Data Analysis in the Social Sciences

Материал из MathINFO
Перейти к навигации Перейти к поиску

Course data

  • Instructor: Ilya V. Schurov.
  • Modules: 2-4.

Software

We use statistical software called R as a main computer tool. It's a free software and you can download it here and install on your computer. We also use RStudio: integrated development environment for R. It's free software either, you can download it here.

Lessons

1. November 14. Data types and descriptive statistics

Types of data in social sciences. Nominal, ordered, interval and ratio scales. Examples. Descriptive statistics: mean, median, mode, variance, standard deviation, quantiles.

See Naked Statistics, Chapter 2, and Statistics, Chapter 4.

The basics of R. R as calculator. Vectors. Calculating basic descriptive statistics with R.

2. November 21. Introduction to statistical thinking

Simple probabilistic models. Population, sample. Model for opinion poll. Random variable. Expected value. The law of large numbers. Central limit theorem.

See Naked Statistics, Chapter 5 and Statistics, Chapters 16, 17 and 18.

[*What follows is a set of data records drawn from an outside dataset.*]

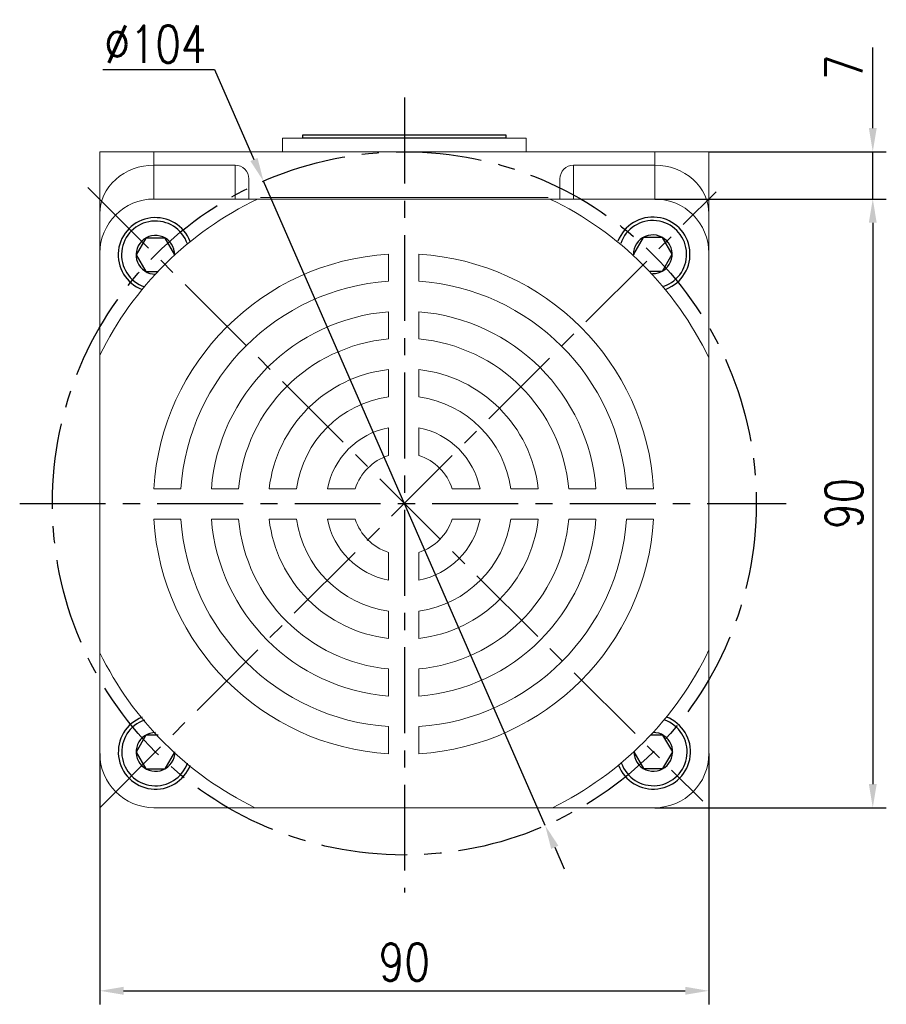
# Model space of a CAD drawing. Header units: inches. Extents: x 837 to 6223, y -2862 to 3098.
# Tile 72 of 139: x 5879 to 6007, y -448 to -302. Entities that reach past the tile are written whole.
import ezdxf

# ---------------------------------------------------------------- set-up
doc = ezdxf.new("R2010")
doc.units = ezdxf.units.IN
doc.header["$LTSCALE"] = 10
doc.header["$MEASUREMENT"] = 0
doc.linetypes.add('CENTER', pattern=[10.16, 6.35, -1.27, 1.27, -1.27])
for name, color, linetype in [('1轮廓实线层', 7, 'Continuous'), ('3中心线层', 1, 'CENTER'), ('7标注层', 4, 'Continuous')]:
    doc.layers.add(name, color=color, linetype=linetype)
doc.styles.add('TH_GBDIM', font='romans.shx', dxfattribs={"width": 0.8, "bigfont": 'gbcbig.shx'})
doc.dimstyles.new('TH_GBDIM', dxfattribs={"dimtxt": 3.5, "dimasz": 2.5, "dimexe": 2, "dimexo": 0, "dimgap": 1, "dimtad": 1, "dimdec": 4, "dimdsep": 46, "dimtxsty": 'TH_GBDIM', "dimcen": 0.09, "dimclrd": 4, "dimclre": 4, "dimclrt": 3, "dimadec": 0, "dimazin": 0, "dimtfac": 1, "dimtdec": 4, "dimtmove": 0, "dimatfit": 3, "dimfxl": 1, "dimtzin": 0, "dimarcsym": 0})

# ---------------------------------------------------------------- blocks, each defined once
blk = doc.blocks.new('*D764')
at = {"layer": '7标注层', "color": 4, "lineweight": -2, "transparency": 16777216}
for p, q in [((5890.5, -410.66), (5890.5, -447.74)), ((5980.5, -410.66), (5980.5, -447.74)), ((5894, -445.74), (5977, -445.74))]:
    blk.add_line(p, q, dxfattribs=at)
at = {"layer": '7标注层', "color": 4, "transparency": 16777216}
for points in [[(5894, -445.15), (5894, -446.32), (5890.5, -445.74)], [(5977, -445.15), (5977, -446.32), (5980.5, -445.74)]]:
    blk.add_solid(points, dxfattribs=at)
at = {"layer": 'Defpoints', "color": 0, "transparency": 16777216}
for p in [(5890.5, -410.66), (5980.5, -410.66), (5980.5, -445.74)]:
    blk.add_point(p, dxfattribs=at)
at = {"layer": '7标注层', "color": 3, "transparency": 16777216, "insert": (5935.5, -441.49), "char_height": 5.5, "attachment_point": 5, "style": 'TH_GBDIM'}
blk.add_mtext('90', dxfattribs=at)
blk = doc.blocks.new('*D765')
at = {"layer": '7标注层', "color": 4, "lineweight": -2, "transparency": 16777216}
for p, q in [((5972.5, -328.66), (6006.72, -328.66)), ((6004.72, -332.16), (6004.72, -415.16)), ((5972.5, -418.66), (6006.72, -418.66))]:
    blk.add_line(p, q, dxfattribs=at)
at = {"layer": '7标注层', "color": 4, "transparency": 16777216}
for points in [[(6004.14, -332.16), (6005.3, -332.16), (6004.72, -328.66)], [(6004.14, -415.16), (6005.3, -415.16), (6004.72, -418.66)]]:
    blk.add_solid(points, dxfattribs=at)
at = {"layer": 'Defpoints', "color": 0, "transparency": 16777216}
for p in [(5972.5, -328.66), (5972.5, -418.66), (6004.72, -418.66)]:
    blk.add_point(p, dxfattribs=at)
at = {"layer": '7标注层', "color": 3, "transparency": 16777216, "insert": (6000.47, -373.66), "char_height": 5.5, "attachment_point": 5, "rotation": 90, "style": 'TH_GBDIM'}
blk.add_mtext('90', dxfattribs=at)
blk = doc.blocks.new('*D766')
at = {"layer": '7标注层', "color": 4, "lineweight": -2, "transparency": 16777216}
for p, q in [((6004.72, -318.16), (6004.72, -306.23)), ((5980.5, -321.66), (6006.72, -321.66)), ((6004.72, -328.66), (6004.72, -321.66)), ((5981.56, -328.66), (6006.72, -328.66)), ((6004.72, -332.16), (6004.72, -335.66))]:
    blk.add_line(p, q, dxfattribs=at)
at = {"layer": '7标注层', "color": 4, "transparency": 16777216}
for points in [[(6004.14, -318.16), (6005.3, -318.16), (6004.72, -321.66)], [(6004.14, -332.16), (6005.3, -332.16), (6004.72, -328.66)]]:
    blk.add_solid(points, dxfattribs=at)
at = {"layer": 'Defpoints', "color": 0, "transparency": 16777216}
for p in [(5980.5, -321.66), (5981.56, -328.66), (6004.72, -328.66)]:
    blk.add_point(p, dxfattribs=at)
at = {"layer": '7标注层', "color": 3, "transparency": 16777216, "insert": (6000.47, -309.19), "char_height": 5.5, "attachment_point": 5, "rotation": 90, "style": 'TH_GBDIM'}
blk.add_mtext('7', dxfattribs=at)
blk = doc.blocks.new('*D637')
at = {"layer": '7标注层', "color": 4, "lineweight": -2, "transparency": 16777216}
for p, q in [((5890.96, -309.5), (5907.47, -309.5)), ((5907.47, -309.5), (5913.28, -322.8)), ((5956.32, -421.31), (5914.68, -326.01)), ((5957.72, -424.52), (5959.12, -427.72))]:
    blk.add_line(p, q, dxfattribs=at)
at = {"layer": '7标注层', "color": 4, "transparency": 16777216}
for points in [[(5913.81, -322.57), (5912.75, -323.04), (5914.68, -326.01)], [(5958.26, -424.28), (5957.19, -424.75), (5956.32, -421.31)]]:
    blk.add_solid(points, dxfattribs=at)
at = {"layer": 'Defpoints', "color": 0, "transparency": 16777216}
for p in [(5914.68, -326.01), (5956.32, -421.31)]:
    blk.add_point(p, dxfattribs=at)
at = {"layer": '7标注层', "color": 3, "transparency": 16777216, "insert": (5898.72, -305.75), "char_height": 5.5, "attachment_point": 5, "style": 'TH_GBDIM'}
blk.add_mtext('∅104', dxfattribs=at)

msp = doc.modelspace()

# ---------------------------------------------------------------- linework, layer by layer
at = {"color": 7, "linetype": 'Continuous', "lineweight": 15}
for p, q in [((5917.50061, -319.65909), (5953.5006, -319.65909)), ((5890.5006, -321.65909), (5898.5006, -321.65909)), ((5890.5006, -330.82813), (5890.5006, -321.65909)), ((5898.5006, -321.65909), (5898.5006, -323.65909)), ((5898.5006, -321.65909), (5972.50061, -321.65909)), ((5972.50061, -323.65909), (5972.50061, -321.65909)), ((5972.50061, -321.65909), (5980.50061, -321.65909)), ((5980.50061, -321.65909), (5980.50061, -330.82812)), ((5898.5006, -323.65909), (5898.5006, -328.65908)), ((5910.5006, -323.65909), (5898.5006, -323.65909)), ((5910.5006, -328.65908), (5910.5006, -323.65909)), ((5960.50061, -323.65909), (5960.50061, -328.65908)), ((5960.50061, -323.65909), (5972.50061, -323.65909)), ((5972.50061, -328.65908), (5972.50061, -323.65909)), ((5912.5006, -325.67113), (5912.5006, -328.65908)), ((5958.5006, -328.65908), (5958.5006, -325.67113)), ((5972.50061, -328.65908), (5898.5006, -328.65908)), ((5914.23003, -328.40908), (5956.77118, -328.40908)), ((5890.5006, -336.65909), (5890.5006, -330.82813)), ((5980.50061, -330.82812), (5980.50061, -336.65908)), ((5890.5006, -336.65909), (5890.5006, -334.15909)), ((5980.50061, -334.15908), (5980.50061, -336.65908)), ((5890.5006, -336.65909), (5890.5006, -410.65908)), ((5933.15343, -340.82427), (5933.15343, -336.81595)), ((5937.65343, -340.82427), (5937.65343, -336.81595)), ((5980.50061, -410.65908), (5980.50061, -336.65908)), ((5933.15343, -349.35101), (5933.15343, -345.33643)), ((5937.65343, -349.35101), (5937.65343, -345.33643)), ((5933.15343, -357.90647), (5933.15343, -353.87444)), ((5937.65343, -357.90647), (5937.65343, -353.87444)), ((5933.15343, -366.59293), (5933.15343, -362.46973)), ((5937.65343, -366.59293), (5937.65343, -362.46973)), ((5902.48023, -371.49748), (5898.47191, -371.49748)), ((5906.99239, -371.49748), (5911.00697, -371.49748)), ((5915.5304, -371.49748), (5919.56242, -371.49748)), ((5928.24889, -371.49748), (5924.12569, -371.49748)), ((5942.55798, -371.49748), (5946.68118, -371.49748)), ((5951.24444, -371.49748), (5955.27647, -371.49748)), ((5959.7999, -371.49748), (5963.81448, -371.49748)), ((5968.32664, -371.49748), (5972.33496, -371.49748)), ((5902.48023, -375.99748), (5898.47191, -375.99748)), ((5906.99239, -375.99748), (5911.00697, -375.99748)), ((5915.5304, -375.99748), (5919.56242, -375.99748)), ((5928.24889, -375.99748), (5924.12569, -375.99748)), ((5942.55798, -375.99748), (5946.68118, -375.99748)), ((5951.24444, -375.99748), (5955.27647, -375.99748)), ((5959.7999, -375.99748), (5963.81448, -375.99748)), ((5968.32664, -375.99748), (5972.33496, -375.99748)), ((5933.15343, -380.90202), (5933.15343, -385.02522)), ((5937.65343, -380.90202), (5937.65343, -385.02522)), ((5933.15343, -389.58848), (5933.15343, -393.62051)), ((5937.65343, -389.58848), (5937.65343, -393.62051)), ((5933.15343, -398.14394), (5933.15343, -402.15852)), ((5937.65343, -398.14394), (5937.65343, -402.15852)), ((5933.15343, -406.67068), (5933.15343, -410.679)), ((5937.65343, -406.67068), (5937.65343, -410.679)), ((5898.5006, -418.65908), (5972.50061, -418.65908))]:
    msp.add_line(p, q, dxfattribs=at)
for centre, radius, start, end in [((5898.5006, -336.65908), 8, 90, 180), ((5935.40343, -373.74748), 50, 115.6085787, 153.9037719), ((5935.40343, -373.74748), 50, 25.5852807, 64.3914213), ((5972.5006, -336.65908), 8, 0, 90), ((5935.40343, -373.74748), 37, 93.4863538, 176.5136462), ((5935.40343, -373.74748), 37, 3.4863538, 86.5136462), ((5935.40343, -373.74748), 33, 93.9095635, 176.0904365), ((5935.40343, -373.74748), 33, 3.9095635, 86.0904365), ((5935.40343, -373.74748), 28.5, 94.528063, 175.471937), ((5935.40343, -373.74748), 28.5, 4.528063, 85.471937), ((5935.40343, -373.74748), 24.5, 95.2692819, 174.7307181), ((5935.40343, -373.74748), 24.5, 5.2692819, 84.7307181), ((5935.40343, -373.74748), 20, 96.4594498, 173.5405502), ((5935.40343, -373.74748), 20, 6.4594498, 83.5405502), ((5935.40343, -373.74748), 16, 98.0840139, 171.9159861), ((5935.40343, -373.74748), 16, 8.0840139, 81.9159861), ((5935.40343, -373.74748), 11.5, 101.2828243, 168.7171757), ((5935.40343, -373.74748), 11.5, 11.2828243, 78.7171757), ((5935.40343, -373.74748), 7.5, 107.4576031, 162.5423969), ((5935.40343, -373.74748), 7.5, 17.4576031, 72.5423969), ((5935.40343, -373.74748), 37, 183.4863538, 266.5136462), ((5935.40343, -373.74748), 33, 183.9095635, 266.0904365), ((5935.40343, -373.74748), 28.5, 184.528063, 265.471937), ((5935.40343, -373.74748), 24.5, 185.2692819, 264.7307181), ((5935.40343, -373.74748), 20, 186.4594498, 263.5405502), ((5935.40343, -373.74748), 16, 188.0840139, 261.9159861), ((5935.40343, -373.74748), 11.5, 191.2828243, 258.7171757), ((5935.40343, -373.74748), 7.5, 197.4576031, 252.5423969), ((5935.40343, -373.74748), 7.5, 287.4576031, 342.5423969), ((5935.40343, -373.74748), 11.5, 281.2828243, 348.7171757), ((5935.40343, -373.74748), 16, 278.0840139, 351.9159861), ((5935.40343, -373.74748), 20, 276.4594498, 353.5405502), ((5935.40343, -373.74748), 33, 273.9095635, 356.0904365), ((5935.40343, -373.74748), 37, 273.4863538, 356.5136462), ((5935.40343, -373.74748), 24.5, 275.2692819, 354.7307181), ((5935.40343, -373.74748), 28.5, 274.528063, 355.471937), ((5935.40343, -373.74748), 50, 206.0962281, 243.9266589), ((5935.40343, -373.74748), 50, 296.0733411, 334.4147193), ((5898.5006, -410.65908), 8, 180, 270), ((5972.5006, -410.65908), 8, 270, 0)]:
    msp.add_arc(centre, radius, start, end, dxfattribs=at)
for centre, major_axis, ratio, start_param, end_param in [((5898.5006, -330.82812), (8, 0), 0.896129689, 1.570796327, 3.141592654), ((5910.5006, -325.67112), (0, 2.01204), 0.994016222, 4.71238898, 6.283185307), ((5960.5006, -325.67112), (0, -2.01204), 0.994016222, 3.141592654, 4.71238898), ((5972.5006, -330.82812), (8, 0), 0.896129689, 0, 1.570796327)]:
    msp.add_ellipse(centre, major_axis=major_axis, ratio=ratio, start_param=start_param, end_param=end_param, dxfattribs=at)
for points in [[(5917.50061, -319.65909), (5917.50061, -321.65909)], [(5953.5006, -321.65909), (5953.5006, -319.65909)]]:
    msp.add_open_spline(points, degree=1, dxfattribs=at)
at = {"layer": '1轮廓实线层'}
for p, q in [((5920.5006, -319.65909), (5920.5006, -319.15909)), ((5920.5006, -319.15909), (5950.5006, -319.15909)), ((5950.5006, -319.65909), (5920.5006, -319.65909)), ((5950.5006, -319.15909), (5950.5006, -319.65909)), ((5897.28088, -334.43288), (5895.85088, -336.90971)), ((5900.14088, -334.43288), (5897.28088, -334.43288)), ((5901.57088, -336.90971), (5900.14088, -334.43288)), ((5970.78304, -334.35567), (5969.35304, -336.83251)), ((5973.64304, -334.35567), (5970.78304, -334.35567)), ((5975.07304, -336.83251), (5973.64304, -334.35567)), ((5895.85088, -336.90971), (5897.28088, -339.38654)), ((5901.5516, -336.94312), (5901.57088, -336.90971)), ((5969.35304, -336.83251), (5969.39964, -336.91322)), ((5973.64304, -339.30934), (5975.07304, -336.83251)), ((5897.28088, -339.38654), (5899.08586, -339.38654)), ((5971.82492, -339.30934), (5973.64304, -339.30934)), ((5897.29988, -407.95064), (5895.86988, -410.42747)), ((5899.10377, -407.95064), (5897.29988, -407.95064)), ((5973.72154, -407.93041), (5971.8989, -407.93041)), ((5975.15154, -410.40724), (5973.72154, -407.93041)), ((5895.86988, -410.42747), (5897.29988, -412.9043)), ((5900.15988, -412.9043), (5901.58988, -410.42747)), ((5901.58988, -410.42747), (5901.56879, -410.39094)), ((5969.4709, -410.33907), (5969.43154, -410.40724)), ((5969.43154, -410.40724), (5970.86154, -412.88408)), ((5973.72154, -412.88408), (5975.15154, -410.40724)), ((5897.29988, -412.9043), (5900.15988, -412.9043)), ((5970.86154, -412.88408), (5973.72154, -412.88408))]:
    msp.add_line(p, q, dxfattribs=at)
for centre, radius, start, end in [((5898.71088, -336.90971), 5.5, 20.917377, 249.1317892), ((5898.71088, -336.90971), 5, 18.9722169, 251.0769493), ((5972.21304, -336.83251), 5.5, 290.8390044, 159.3251244), ((5972.21304, -336.83251), 5, 288.8776932, 161.2864356), ((5898.71088, -336.90971), 2.86, 359.6869279, 270.3622382), ((5972.21304, -336.83251), 2.86, 269.4028564, 180.7612725), ((5898.72988, -410.42747), 5.5, 110.8977948, 339.1122772), ((5898.72988, -410.42747), 5, 108.9526305, 341.0574415), ((5972.29154, -410.40724), 5.5, 200.7969738, 69.283384), ((5972.29154, -410.40724), 5, 198.8356453, 71.2447125), ((5898.72988, -410.42747), 2.86, 89.6672928, 0.3427792), ((5972.29154, -410.40724), 2.86, 179.360605, 90.7197528)]:
    msp.add_arc(centre, radius, start, end, dxfattribs=at)
at = {"layer": '3中心线层', "ltscale": 0.2}
for p, q in [((5935.5006, -313.66215), (5935.5006, -431.20942)), ((5888.72495, -326.93506), (5979.58975, -417.6972)), ((5890.5006, -418.6582), (5981.55675, -327.58604)), ((5878.66026, -373.65908), (5991.91063, -373.65908))]:
    msp.add_line(p, q, dxfattribs=at)
msp.add_circle((5935.5006, -373.65908), 52, dxfattribs=at)

# ---------------------------------------------------------------- dimensions: what is measured, and where the dimension line sits
at = {"layer": '7标注层'}
dim = msp.add_diameter_dim_2p(p1=(5956.31994, -421.30943), p2=(5914.68127, -326.00874), dimstyle='TH_GBDIM', override={"dimtxt": 5.5, "dimasz": 3.5, "dimtoh": 1, "dimdec": 0}, dxfattribs=at)
dim.commit()
dim.dimension.update_dxf_attribs({"geometry": '*D637', "text_midpoint": (5898.7156, -309.49929), "dimtype": 163})
for base, p1, p2, picture, middle in [((6004.719, -328.65908), (5980.50061, -321.65909), (5981.55675, -328.65908), '*D766', (6004.719, -309.19242)), ((6004.719, -418.65908), (5972.5006, -328.65908), (5972.5006, -418.65908), '*D765', (6004.719, -373.65908))]:
    dim = msp.add_linear_dim(base=base, p1=p1, p2=p2, angle=90, dimstyle='TH_GBDIM', override={"dimtxt": 5.5, "dimasz": 3.5, "dimgap": 1.5, "dimdec": 1, "dimadec": 1}, dxfattribs=at)
    dim.commit()
    dim.dimension.update_dxf_attribs({"geometry": picture, "text_midpoint": middle, "dimtype": 160})
dim = msp.add_linear_dim(base=(5980.50061, -445.73518), p1=(5890.5006, -410.65908), p2=(5980.50061, -410.65908), dimstyle='TH_GBDIM', override={"dimtxt": 5.5, "dimasz": 3.5, "dimgap": 1.5, "dimdec": 1, "dimadec": 1}, dxfattribs=at)
dim.commit()
dim.dimension.update_dxf_attribs({"geometry": '*D764', "text_midpoint": (5935.50061, -445.73518), "dimtype": 160})

doc.saveas('drawing.dxf')

3. November 28. Confidence intervals

Histograms as an approximation of distribution: area under the histogram and the probablitiy. Confidence intervals. Dependence of the confidence intervals on the size of sample and confidence level.

See Naked Statistics, Chapter 10 and Statistics, Chapters 19, 20 and 21.

Visualization of confidence intervals

Working with dataframes in R.

4. December 5. Calculating confidence intervals

Standard deviation and standard error of mean. Quantiles of the standard Guassian distribution. The relation between standard error and confidence interval.

See Statistics, chapters 17, 20, 21 and 23, and Naked Statistics, chapters 8 and 10.

Calculation of confidence intervals in R with t.test function. See here.

5. January 16: Statistical hypothesis and t-test

Hypothesis testing framework. Null and alternative hypothesis, p-value. Testing hypothesis on population means with t-test.

See Statistics, Chapter 26 and Naked Statistics, Chapter 9.

Using t.test() function in R to test the hypothesis. See short example and more detailed explanation.

6. January 23: ANOVA

Error types in statistics. Significance level. Multiple comparison problem. ANOVA.

See Introductory Statistics for the Behavioral Sciences, by Welkowitz, Joan, Cohen, Barry H., Lea, R. Brooke, John Wiley & Sons, Incorporated, January 2012, chapter 12 (available under HSE subscription).

Using aov() function in R.

Regression models

Linear regression. Simple and multiple regression.

See Naked Statistics, chapters 11 and 12, Introduction to Econometrics, by J.Stock and M.Watson, Addison Wesley, 2006, chapters 4 -- 6, A Non-Technical Introduction to Regression, by J. Bakija, Williams College, 2013.

Using lm() function in R.

Working with panel data. Models with fixed effects, models with random effects.

See Introduction to Econometrics, by J.Stock and M.Watson, Addison Wesley, 2006, Chapter 10.

Logistic regression. Using glm() function in R.

March 13. In-class work

March 20. In-class work

Data

Homework

  • Homework 1, due date is Sunday, December 4, 23:00. Answers to be submitted here.

Exam

References

As a very informal introduction to the basic notions of mathematical statistics I recommend a book Naked Statistics by Charles Wheelan (available as an e-book both in English and in Russian).

I also like Statistics by David Freedman, Robert Pisani and Roger Purves (4th edition, 1998) as an introductory textbook on mathematical statistics.

To proceed with more sophisticated econometrics, Introductory Econometrics: A Modern Approach by Jeffrey Wooldridge seem to be a good choice. Currently it is freely available here.

You can also use this free course as a good starting point to R.